L.A.-based film co. floats pic funds

American Capital Strategies, one of the biggest private equity players in the U.S., has taken its first step into the movie biz by investing $100 million in Oceana Media Finance, a new Los Angeles-based film company.

Oceana is headed by chief exec Myles Nestel, a former partner in Cobalt Media Group and before that co-head of NatWest Bank’s Los Angeles division.

Company will provide debt and equity financing for the production of indie films typically budgeted up to $40 million. It will also offer P&A coin of up to $20 million for theatrical distribution in North America.

Nestel plans to strike five or so production deals and five P&A deals in his first year of operation.

The $100 million commitment will let Oceana build a diverse film finance business, Nestel said.

“The capital that has been committed will allow us to provide a ‘one-stop shop’ financing solution to the film community, from production through distribution,” Nestel said. “We will be able to finance productions of any budget size; this, coupled with the ability to finance the theatrical release of a film in North America, strategically positions Oceana as a unique alternative to the studios and other finance sources.”

Veteran distributor Mike Doban has joined Oceana to oversee the theatrical side of the business. Doban is co-founder of Freestyle Releasing, which handled the U.S. release of films including “American Haunting” and “The Illusionist.” Before that, he was senior VP of United Artists Theaters.

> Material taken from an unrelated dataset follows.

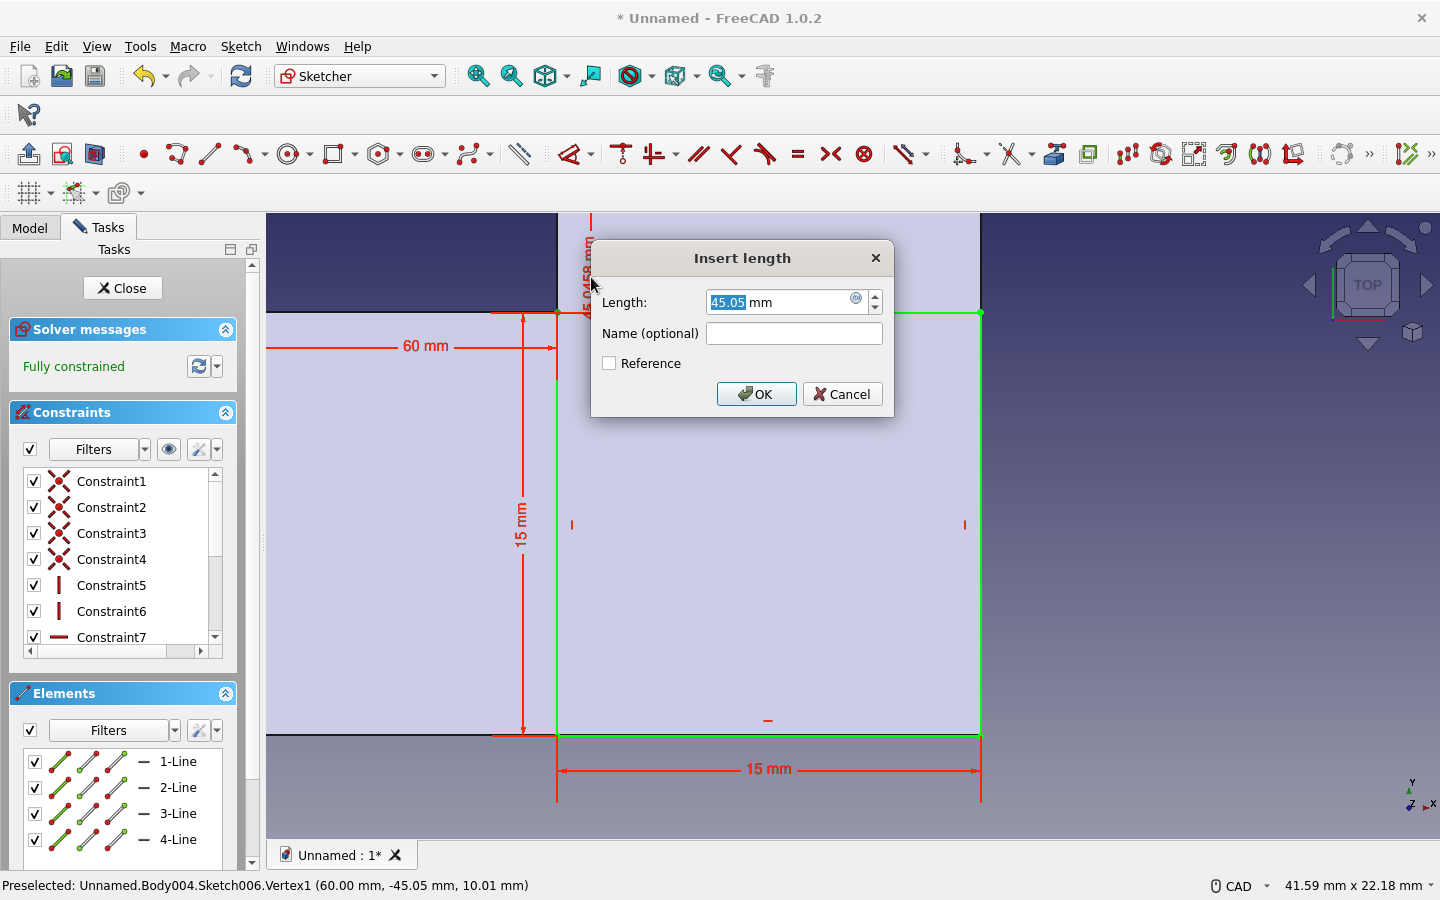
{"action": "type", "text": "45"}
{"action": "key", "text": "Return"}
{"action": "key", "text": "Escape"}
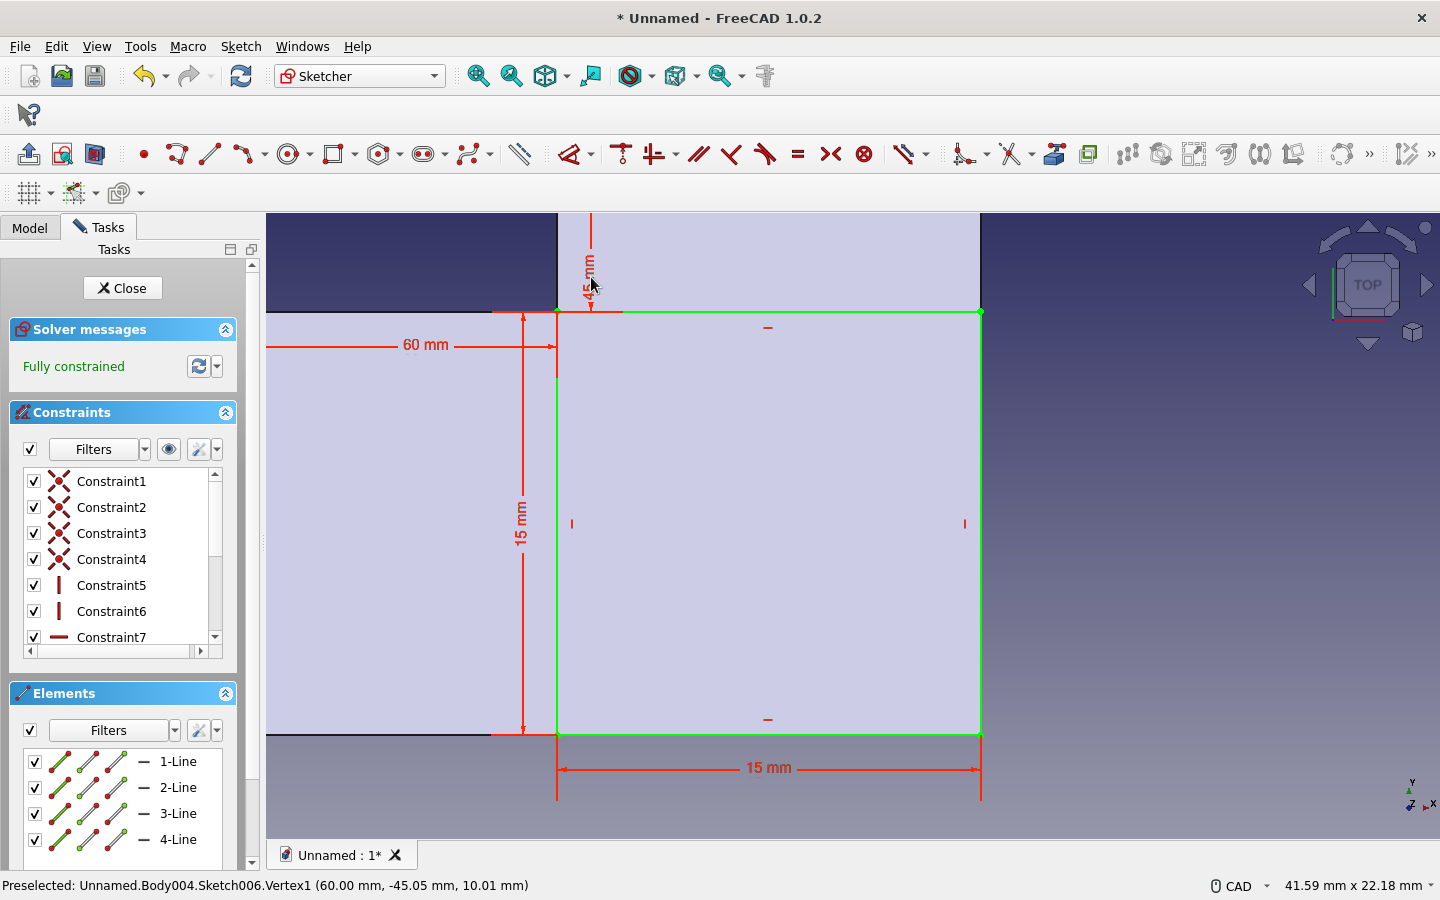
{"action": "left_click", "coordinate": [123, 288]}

Also part of the Oceana team is British banker Rodney Payne, Nestel’s former partner at Cobalt and colleague at NatWest/Coutts.

American Capital is one of the largest publicly traded managers of alternative assets in the U.S., with assets of $12 billion in its portfolio, ranging from transportation, construction and health care to chemical and food products. Oceana represents its first foray into entertainment.

Oceana will offer pre-production bridge loans, mezzanine/gap loans for production, P&A financing and, to a lesser extent, equity investments. Although other financiers in the marketplace provide some of those elements, Nestel believes Oceana is the only one operating across the whole range.

He intends Oceana’s financing structure to attract talent looking to retain greater ownership of their own projects by deferring their fees in return for North American rights. He will also use Oceana’s P&A coin to do straight distribution deals with the studios.

Nestel emphasized that Oceana has raised its finance as equity in the company, rather than acting as a channel for coin from hedge funds. “This means we don’t have to rush to invest money to keep our investors happy, but as smart money, we can wait out a period when there is stupid money in the market,” he said.